One year on: Two days after being targeted, Man Wah published a statement denying Muddy Waters’ allegations and sent the shares up by record. It then conducted share buybacks to show management’s confidence. The stock recovered the losses soon and gained as much as 43 percent in the five months after the conference. They’ve since fallen, but are still up 18 percent from a year ago. Block declined to comment.
Dan David, CIO of FG Alpha Management
Investment thesis: The U.S. hedge fund said it was short-selling Hong Kong-listed Dali Foods Group Company Ltd., questioning the firm’s accounting. Shares of Dali Foods dropped 6.5 percent on that day.
One year on: It turned out to be another burnt short. A day after David’s call, Dali Foods rebounded after the company put out a statement saying the allegations were misleading. Riding on Hong Kong’s bull market, its shares rallied almost 40 percent in the past year. David didn’t reply to emails seeking comment.
Wan Yuet Wei, CIO of Wei Capital Management
Investment thesis: Wan said shares of Chinese automaker Great Wall Motor Co. had the potential to surge as much as 100 percent in a best case scenario and could rise 48 percent even in a base-case scenario. She said her call was based on a product upgrade from China’s largest SUV-maker.
One year on: Great Wall, a popular target of short-sellers in Hong Kong last year, has slumped almost 10 percent in the past year. The product upgrade was well received and drove strong performance initially, said Wan. That changed as it became evident that Great Wall was hanging on too long to old models that weren’t selling well, and China’s automakers lagged as trade pressure from the U.S. intensified, said Wan, adding that her fund has been trading the stock actively. She declined to say whether it continues to own the shares.
Eashwar Krishnan, managing partner of Tybourne Capital
Investment thesis: Rolls-Royce Holdings Plc.’s stock price might rise 85 percent by 2020 as the company boosted its share of a growing market for aircraft enginees, Krishnan said last year. It could double its market share in the next five to seven years, he added.

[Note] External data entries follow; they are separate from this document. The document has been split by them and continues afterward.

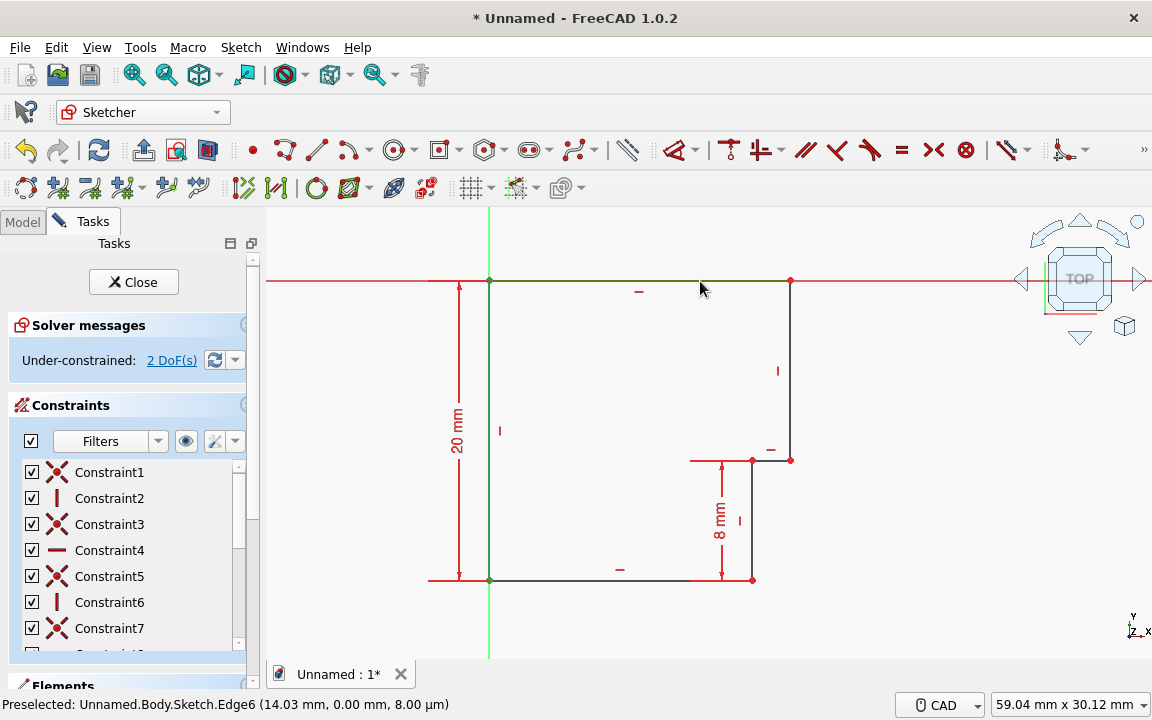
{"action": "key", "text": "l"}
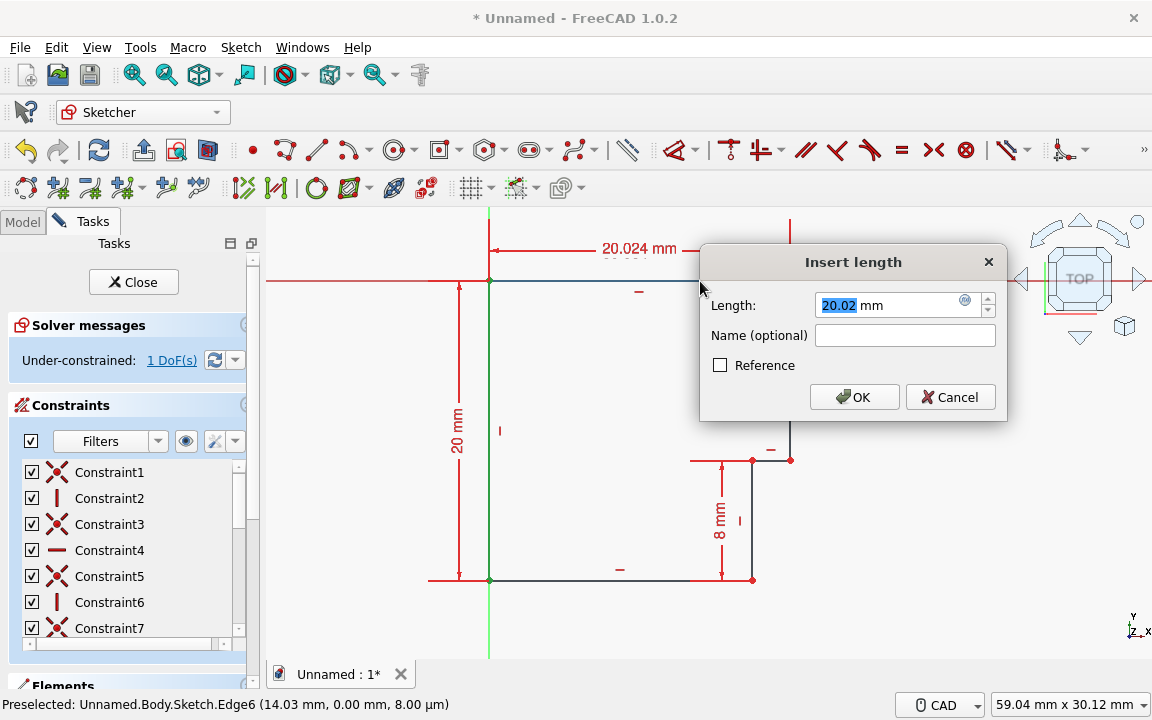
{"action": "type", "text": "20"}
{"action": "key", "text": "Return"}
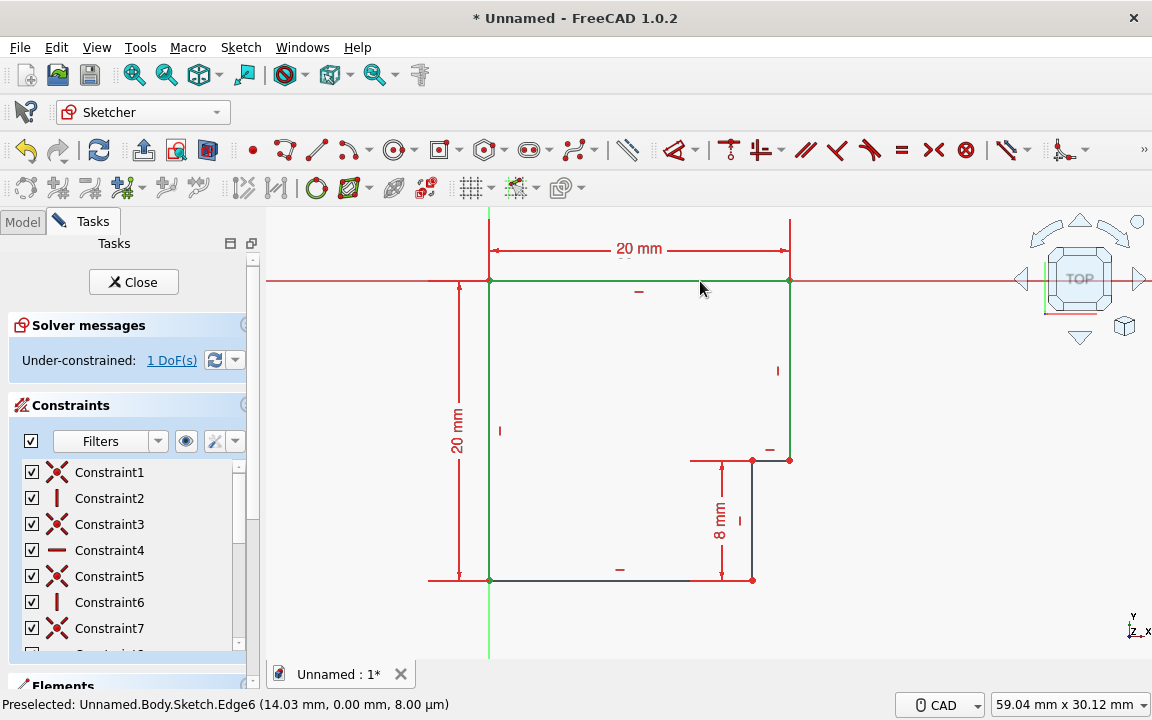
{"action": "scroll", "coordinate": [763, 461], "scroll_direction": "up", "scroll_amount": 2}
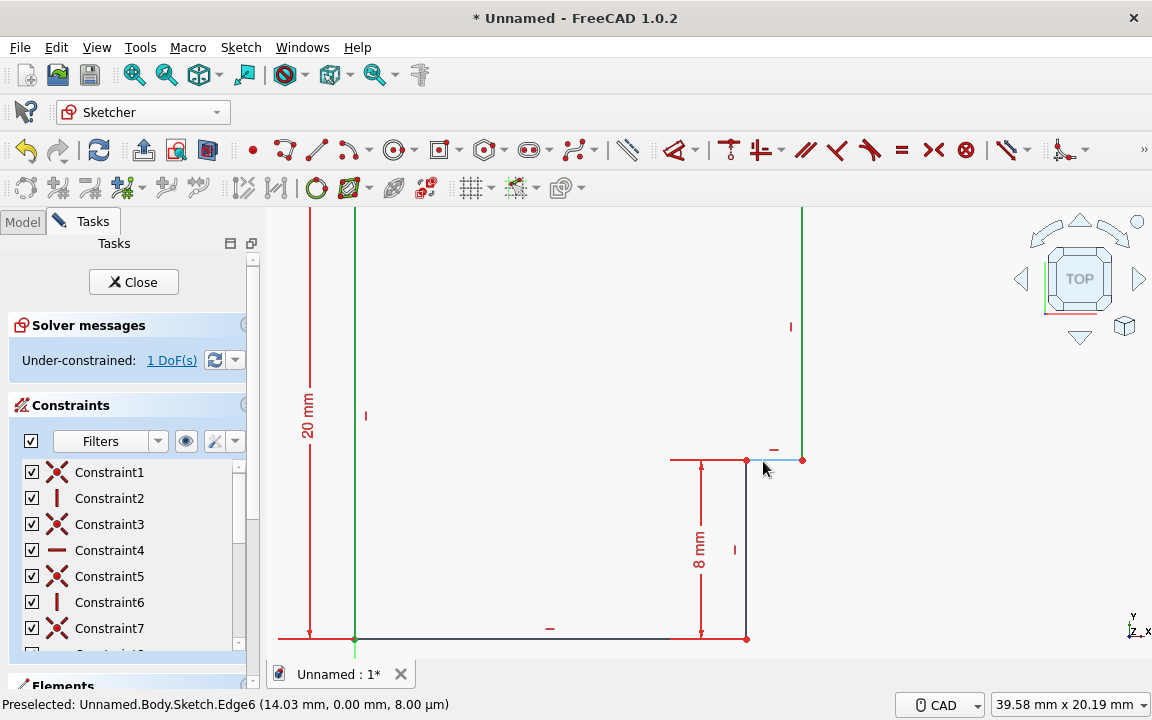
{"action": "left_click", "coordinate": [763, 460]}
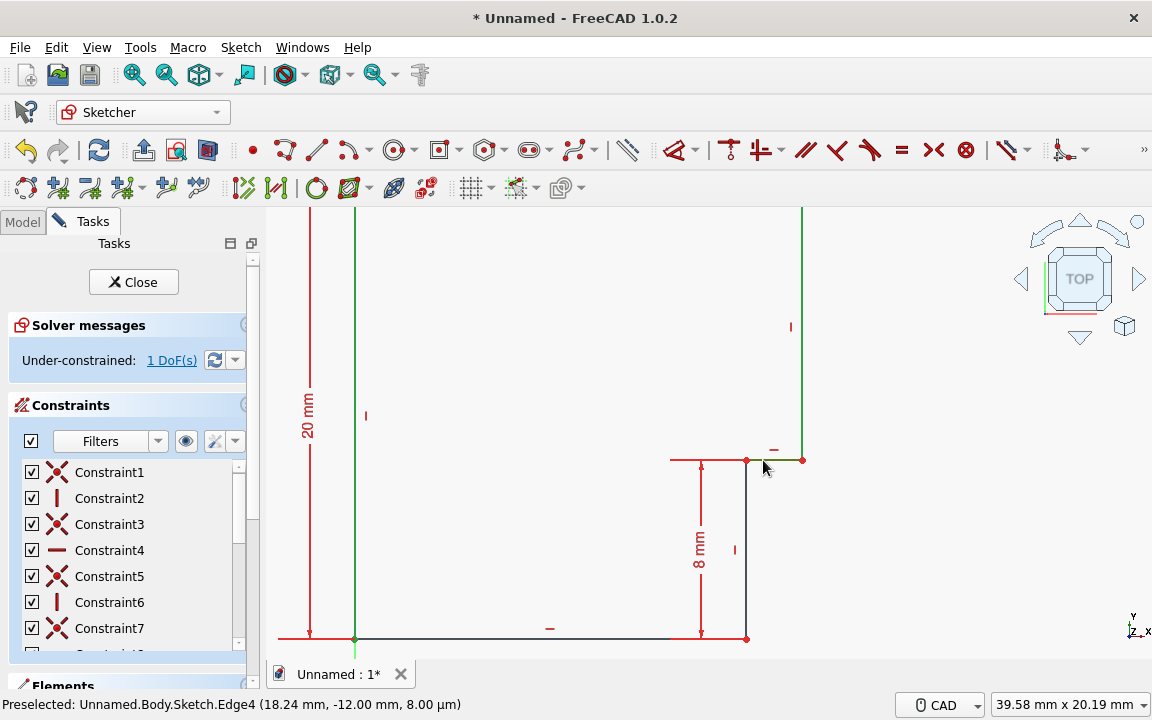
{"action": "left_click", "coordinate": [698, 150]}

One year on: Rolls-Royce shares have declined about 2 percent in the past year after being hit by fears of cost overruns. The company has met or exceeded all business guidance and non-recurring expenses should be resolved by early 2019, said Krishnan. The costs don’t detract from its attractive growth in revenue, margins and cash flows for many years to come, he added. “We believe Rolls-Royce’s ability to generate cash is vastly under-estimated by the street,” he said. “Our estimates are significantly ahead of consensus and we continue to be shareholders.”